Je suis hyper dépendant des services Google, voici ce que j’utilise :

  • Le moteur de recherche : combien d’articles ou de documents trouvés  ou encore de bugs résolus grâce à Google ?
  • Gmail : Courriel perso + mailing lists
  • Reader : Lecture des flux RSS/Atom
  • Browser Sync : Synchronisation des marque pages, cookies, pages en cours, …. entre les différentes installation de firefox que j’utilise (il y en a au moins 5)
  • Notebook : Prise de notes rapide, liens a lire.
  • Altertes : Me permet de recevoir un email quand mon nom est cité sur la toile
  • Analytics : Permet d’obtenir des statistiques sur la fréquentation de ce blog.
  • Documents : Bien pratique pour une utilisation privée, pour du travail collaboratif ou pour avoir toujours les docs sous la main.
  • Maps : Avec Google Earth, je l’utilise pour pré visualiser des parcours de VTT
  • Talk :En client léger dans GMail ou sous linux avec Pidgin
  • Code : Hébergement de projets OpenSource

A ces services s’ajoutent des produits comme GWT ou Android (bientôt), je suis donc bel et bien google dépendant.
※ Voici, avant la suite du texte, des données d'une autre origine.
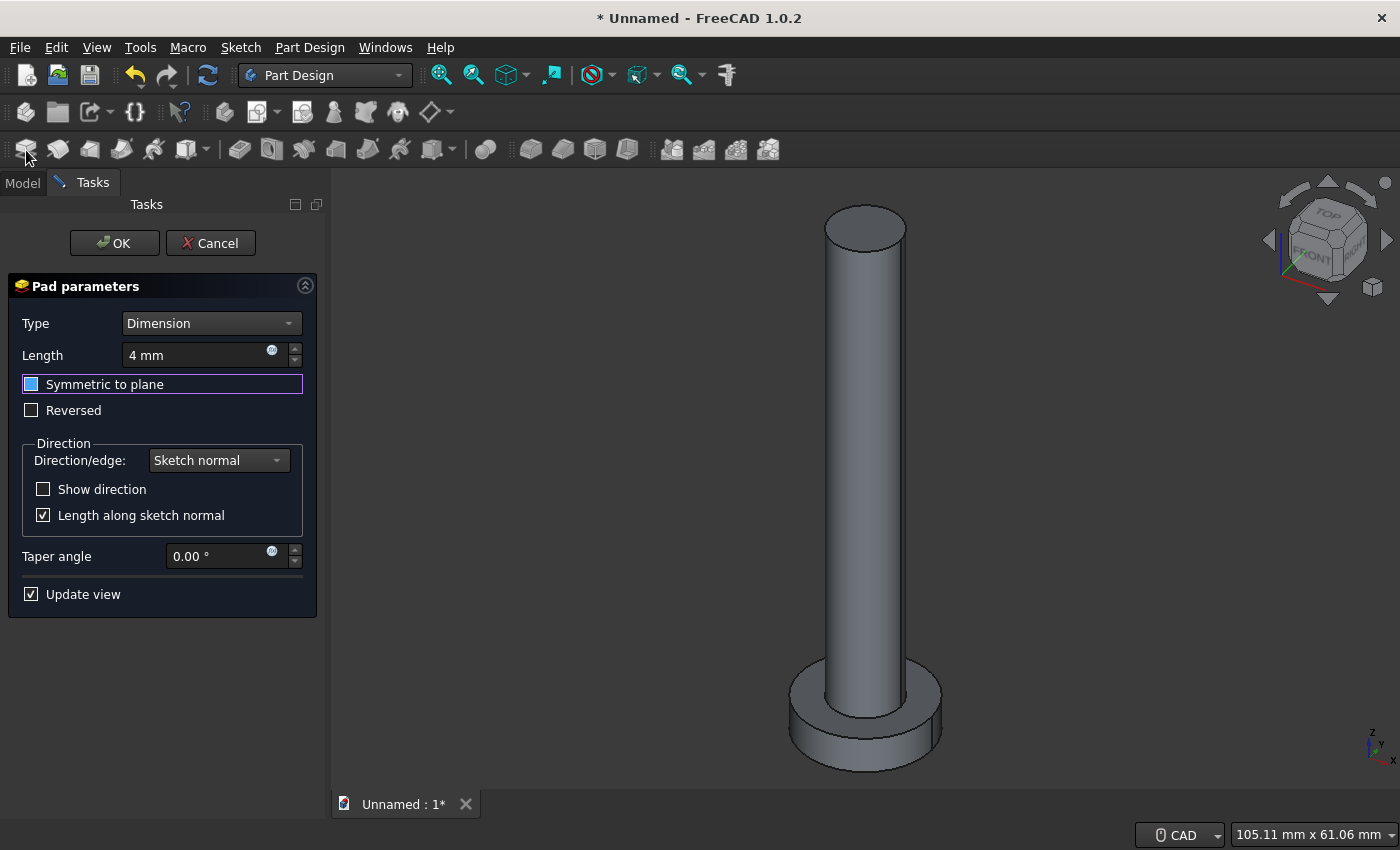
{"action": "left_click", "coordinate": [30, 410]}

Google héberge bon nombre de mes données privées, les risques sont donc nombreux mais j’ai vraiment confiance dans cette boite. Ça n’est pas très rationnel certes. Et vous ?

Hibernate ou iBatis ?

Publié le 21 janvier 2008 par Thomas Recloux

Dans cet entretien vidéo, Mark Richards donne son point de vue sur le choix entre Hibernate et iBatis.

J’ai souvent rencontré des intégristes des deux solutions et je trouve que son point de vue est très bon :

  • Quand on peut construire le modèle de données et le modèle objet de concert, Hibernate est adapté
  • Si on en arrive à écrire du SQL, iBatis est adapté
  • Il ne faut pas hésiter à utiliser les deux outils dans le même système. Mark donne l’exemple d’un système dans lequel hibernate est utilisé pour les fonctionnalités de gestion traditionnelles alors que iBatis est utilisé pour le reporting.

Comme souvent il n’y a pas de mauvais produits, uniquement des mauvais choix :-)

Via application-servers

Betisier

Publié le 21 janvier 2008 par Thomas Recloux

Guillaume Bodet a publié un bêtisier rassemblant des exemples de code source original, voici un exemple de méthode récursive qui prend bien des détours pour accomplir sa mission.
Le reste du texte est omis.